Başbakan Ecevit'in başkanlığındaki Türkiye heyetinin ABD temasları son derece başarılı geçiyor. Problemler tek tek ele alınıyor; pek tabii kimisi çözülüyor, kimisi komisyona havale ediliyor.
Irak konusunda teminat aldık. ABD Başkanı George W. Bush, Irak konusunda herhangi bir harekat yapacakları zaman mutlaka Başbakan Ecevit'i kırmızı telefonla arayacak. Görüşme sonrasında Başbakanımızın İngilizce açıklamalarını yanlış anlamadıysam "Irak'a müdahale konusunda Türkiye'ye danışma işi " böyle. Sayın Ecevit'in beyanlarına göre, ABD'nin Saddam Hüseyin'i istemediği kesin.

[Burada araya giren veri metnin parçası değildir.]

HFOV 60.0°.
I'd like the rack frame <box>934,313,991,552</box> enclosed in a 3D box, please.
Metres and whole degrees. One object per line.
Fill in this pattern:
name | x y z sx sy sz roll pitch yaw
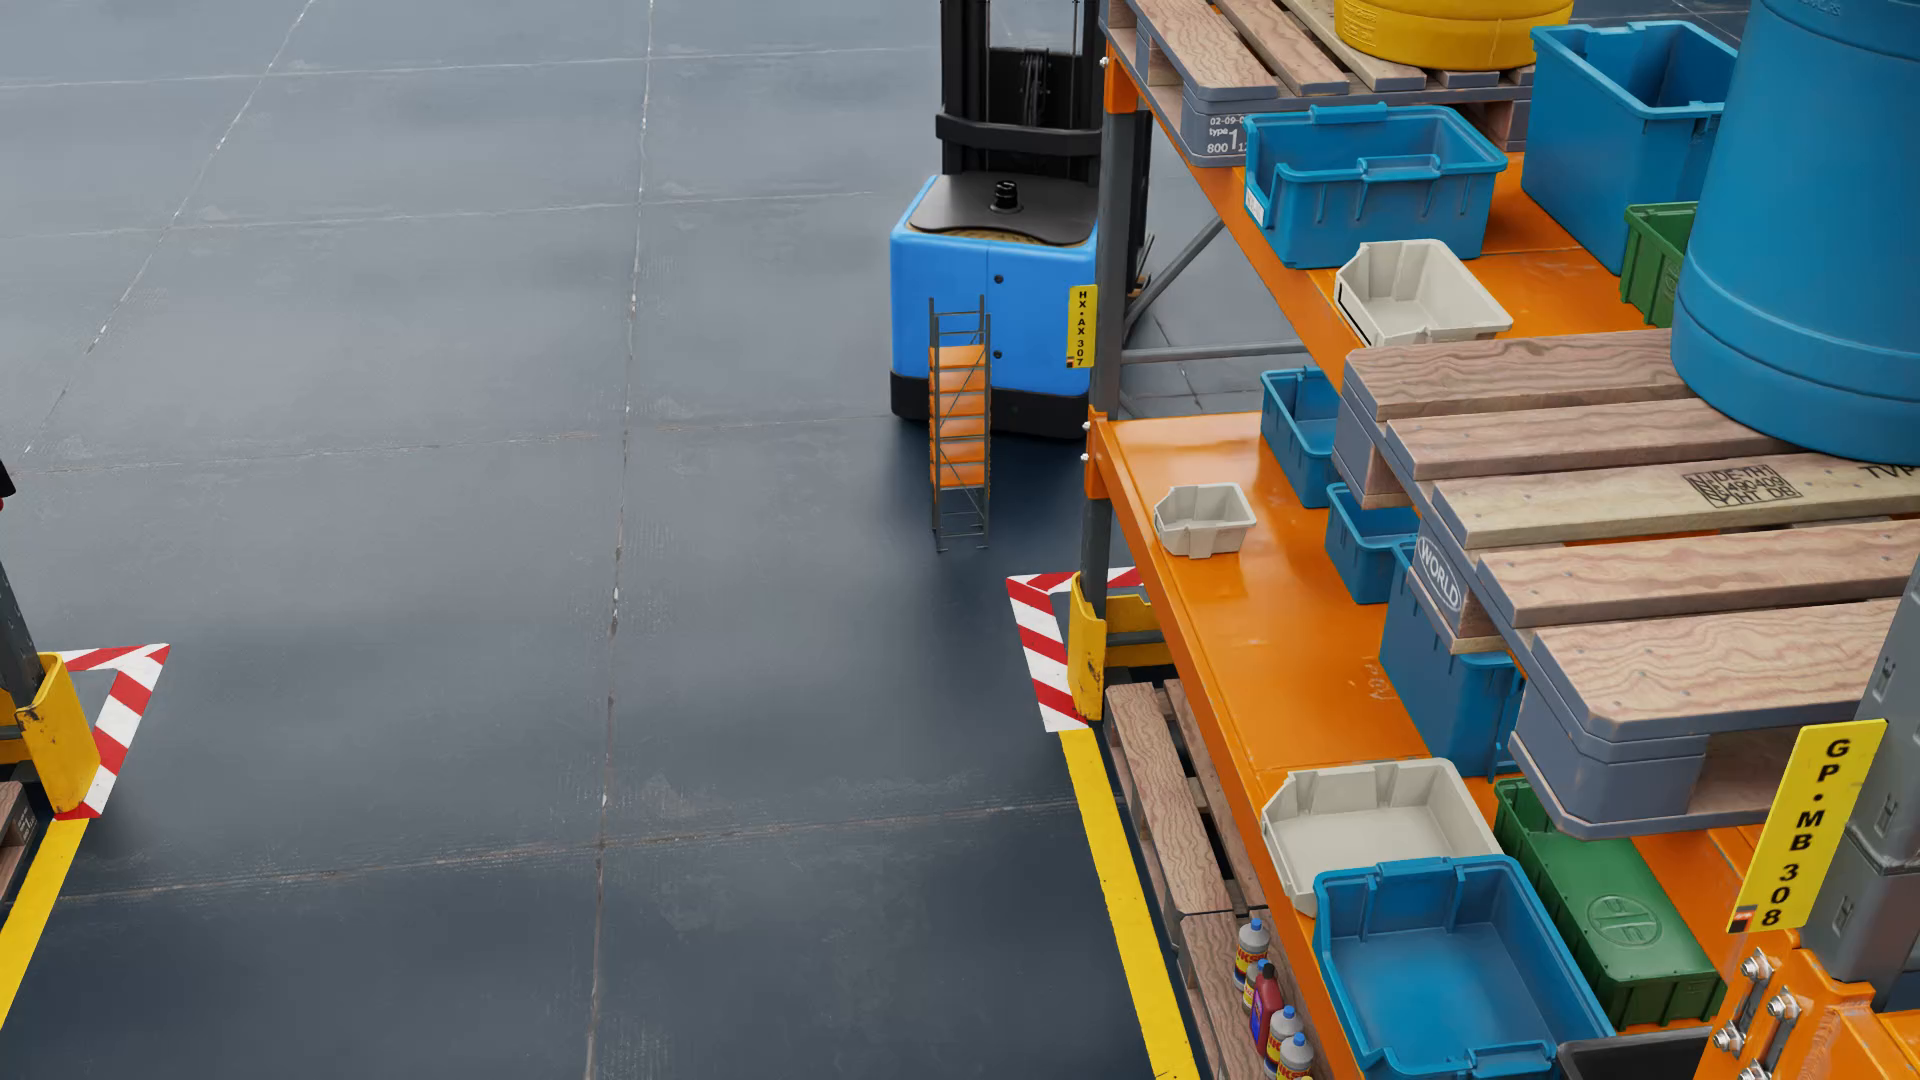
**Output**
rack frame | 0.010 -0.453 7.349 0.240 1.200 0.006 -4 35 -6

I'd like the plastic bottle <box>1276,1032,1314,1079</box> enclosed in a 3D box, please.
plastic bottle | 0.977 1.540 4.858 0.097 0.271 0.097 0 34 0

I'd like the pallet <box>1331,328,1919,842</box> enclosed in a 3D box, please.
pallet | 1.327 -0.012 2.609 1.213 0.211 1.003 -4 35 -6

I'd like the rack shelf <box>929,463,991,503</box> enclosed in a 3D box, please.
rack shelf | -0.002 -0.269 7.584 0.258 0.103 0.180 -4 35 -6

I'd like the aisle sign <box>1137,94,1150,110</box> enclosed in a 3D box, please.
aisle sign | 0.683 -1.780 5.390 0.394 0.787 0.004 -4 35 -6

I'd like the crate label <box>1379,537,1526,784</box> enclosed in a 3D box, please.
crate label | 1.498 0.304 4.608 0.502 0.435 0.616 -4 35 -6

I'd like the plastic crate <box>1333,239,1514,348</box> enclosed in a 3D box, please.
plastic crate | 0.904 -0.451 3.319 0.243 0.136 0.396 -4 35 -6

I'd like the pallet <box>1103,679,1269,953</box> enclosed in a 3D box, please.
pallet | 1.143 0.957 6.158 1.003 0.211 1.213 -4 35 -6

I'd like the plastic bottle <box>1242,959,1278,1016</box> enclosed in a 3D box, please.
plastic bottle | 0.932 1.380 5.156 0.097 0.201 0.097 0 34 0

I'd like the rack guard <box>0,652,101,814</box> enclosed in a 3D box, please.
rack guard | -3.915 0.763 6.187 1.175 0.500 0.348 -4 35 -6

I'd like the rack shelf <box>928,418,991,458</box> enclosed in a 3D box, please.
rack shelf | -0.002 -0.467 7.449 0.258 0.103 0.180 -4 35 -6

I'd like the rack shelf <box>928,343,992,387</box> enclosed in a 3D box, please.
rack shelf | -0.002 -0.765 7.246 0.258 0.103 0.180 -4 35 -6

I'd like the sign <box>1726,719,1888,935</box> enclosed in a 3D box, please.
sign | 0.974 0.337 1.921 0.100 0.325 0.005 -4 35 -6

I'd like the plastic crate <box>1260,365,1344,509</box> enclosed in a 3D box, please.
plastic crate | 1.346 -0.370 5.761 0.499 0.251 0.616 -4 35 -6

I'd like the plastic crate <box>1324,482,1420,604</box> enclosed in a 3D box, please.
plastic crate | 1.428 -0.007 5.228 0.499 0.251 0.408 -4 35 -6

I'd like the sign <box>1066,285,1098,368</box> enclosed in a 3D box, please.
sign | 0.437 -0.763 5.960 0.100 0.325 0.005 -4 35 -6

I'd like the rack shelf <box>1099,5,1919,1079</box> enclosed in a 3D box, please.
rack shelf | 1.252 -0.514 3.816 1.077 0.370 4.000 -4 35 -6

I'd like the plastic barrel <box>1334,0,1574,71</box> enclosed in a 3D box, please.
plastic barrel | 1.262 -1.552 4.160 0.600 0.588 0.600 0 34 0

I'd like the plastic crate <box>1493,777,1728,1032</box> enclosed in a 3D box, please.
plastic crate | 1.618 0.853 4.023 0.450 0.188 0.662 -4 35 -6

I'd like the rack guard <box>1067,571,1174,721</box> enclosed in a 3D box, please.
rack guard | 1.039 0.384 6.742 1.175 0.500 0.348 -4 35 -6

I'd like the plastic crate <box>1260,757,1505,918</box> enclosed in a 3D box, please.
plastic crate | 1.051 0.766 4.196 0.530 0.136 0.437 -4 35 -6

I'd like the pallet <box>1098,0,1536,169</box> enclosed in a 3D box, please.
pallet | 0.997 -1.380 4.616 1.003 0.211 1.213 -4 35 -6

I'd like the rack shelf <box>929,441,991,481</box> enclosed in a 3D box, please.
rack shelf | -0.002 -0.368 7.517 0.258 0.103 0.180 -4 35 -6

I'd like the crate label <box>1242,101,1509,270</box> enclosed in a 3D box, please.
crate label | 0.907 -0.796 3.723 0.502 0.251 0.408 -4 35 -6

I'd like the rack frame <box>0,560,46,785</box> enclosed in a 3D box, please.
rack frame | -3.925 -0.313 5.545 1.000 3.000 0.127 -4 35 -6

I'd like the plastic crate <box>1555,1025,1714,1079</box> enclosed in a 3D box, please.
plastic crate | 1.576 1.268 3.280 0.767 0.338 0.504 -4 35 -6

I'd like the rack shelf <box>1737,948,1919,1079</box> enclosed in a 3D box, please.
rack shelf | 1.790 1.718 0.540 1.077 0.370 4.000 -4 35 -6

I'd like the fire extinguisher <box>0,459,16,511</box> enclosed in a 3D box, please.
fire extinguisher | -3.484 -0.379 5.712 0.296 0.674 0.183 -4 35 -6

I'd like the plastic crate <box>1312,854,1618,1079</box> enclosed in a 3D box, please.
plastic crate | 1.103 1.009 3.738 0.499 0.251 0.616 -4 35 -6

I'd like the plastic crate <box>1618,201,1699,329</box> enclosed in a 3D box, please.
plastic crate | 1.578 -0.509 3.357 0.336 0.188 0.450 -4 35 -6

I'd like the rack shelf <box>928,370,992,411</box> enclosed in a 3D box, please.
rack shelf | -0.002 -0.665 7.314 0.258 0.103 0.180 -4 35 -6

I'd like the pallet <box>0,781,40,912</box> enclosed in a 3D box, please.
pallet | -3.841 1.338 5.599 1.003 0.211 1.213 -4 35 -6

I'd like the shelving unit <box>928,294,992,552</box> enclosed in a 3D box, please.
shelving unit | -0.002 -0.504 7.424 0.258 1.200 0.189 -4 35 -6

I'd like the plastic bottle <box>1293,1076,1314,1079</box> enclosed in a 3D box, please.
plastic bottle | 0.991 1.625 4.797 0.097 0.201 0.097 0 34 0

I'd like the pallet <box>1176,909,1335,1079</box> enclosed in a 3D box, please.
pallet | 1.304 1.637 5.161 1.003 0.211 1.213 -4 35 -6

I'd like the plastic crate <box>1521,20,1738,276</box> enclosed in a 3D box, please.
plastic crate | 1.537 -0.879 3.727 0.392 0.384 0.575 -4 35 -6

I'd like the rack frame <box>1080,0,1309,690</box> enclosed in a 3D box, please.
rack frame | 0.983 -0.688 6.096 1.000 3.000 0.127 -4 35 -6

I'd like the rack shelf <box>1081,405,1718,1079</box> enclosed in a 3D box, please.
rack shelf | 1.252 0.726 4.660 1.077 0.370 4.000 -4 35 -6

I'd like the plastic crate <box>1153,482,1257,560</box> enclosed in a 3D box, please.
plastic crate | 0.784 -0.055 5.401 0.298 0.136 0.250 -4 35 -6

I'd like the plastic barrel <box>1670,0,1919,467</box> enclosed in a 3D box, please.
plastic barrel | 1.493 -0.639 2.543 0.600 0.901 0.708 -4 35 -6

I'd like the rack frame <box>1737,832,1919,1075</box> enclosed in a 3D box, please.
rack frame | 1.521 1.544 2.820 1.000 3.000 0.127 -4 35 -6

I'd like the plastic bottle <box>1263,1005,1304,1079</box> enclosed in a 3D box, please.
plastic bottle | 0.964 1.485 4.940 0.097 0.271 0.097 0 34 0

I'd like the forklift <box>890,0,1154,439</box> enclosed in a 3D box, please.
forklift | 0.502 -2.546 8.883 1.130 2.935 3.031 8 35 12

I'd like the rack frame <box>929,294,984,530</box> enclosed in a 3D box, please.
rack frame | -0.014 -0.555 7.499 0.240 1.200 0.006 -4 35 -6

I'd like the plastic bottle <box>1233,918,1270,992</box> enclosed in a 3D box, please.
plastic bottle | 0.918 1.293 5.221 0.097 0.271 0.097 0 34 0

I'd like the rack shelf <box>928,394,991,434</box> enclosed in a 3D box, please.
rack shelf | -0.002 -0.566 7.381 0.258 0.103 0.180 -4 35 -6

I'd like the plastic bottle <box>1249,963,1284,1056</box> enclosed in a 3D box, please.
plastic bottle | 0.930 1.416 5.030 0.061 0.283 0.133 -4 34 -6

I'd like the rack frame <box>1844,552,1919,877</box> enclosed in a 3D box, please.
rack frame | 1.521 -0.935 1.131 1.000 3.000 0.127 -4 35 -6

Siz belki de diğer konuları, akçalı merak ediyorsunuz. Borçları, yardımları kotaları...
Onların da tamamı halledildi. Hepsi komisyonlara havale edildi. Her ne kadar bizde komisyona havale edilen işlerin akıbeti kesat oluyorsa da, ABD ikliminde şüphesiz verim farklıdır.
Pek yakında IMF 10 milyar dolar daha borç verecek. Yani dış borç yükümüz 10 milyar artı faiziyle kabaracak.
Başkan Bush'la görüşme sonrası Ecevit'ten aldığımız izlenim ve kullandığı beyanlara göre, 5 milyar dolar civarındaki FMS namlı askeri satış kredisi borcumuzun silinmesi konusu "ABD-Türkiye Ekonomik Ortaklık Komisyonu"na havale edildi. Görüşmede FMS kredileri konusunda rantabl bir netice alınamayınca, tabi tekstil kotaları, gümrük vergileri... gibi sair konular gündeme gelemedi.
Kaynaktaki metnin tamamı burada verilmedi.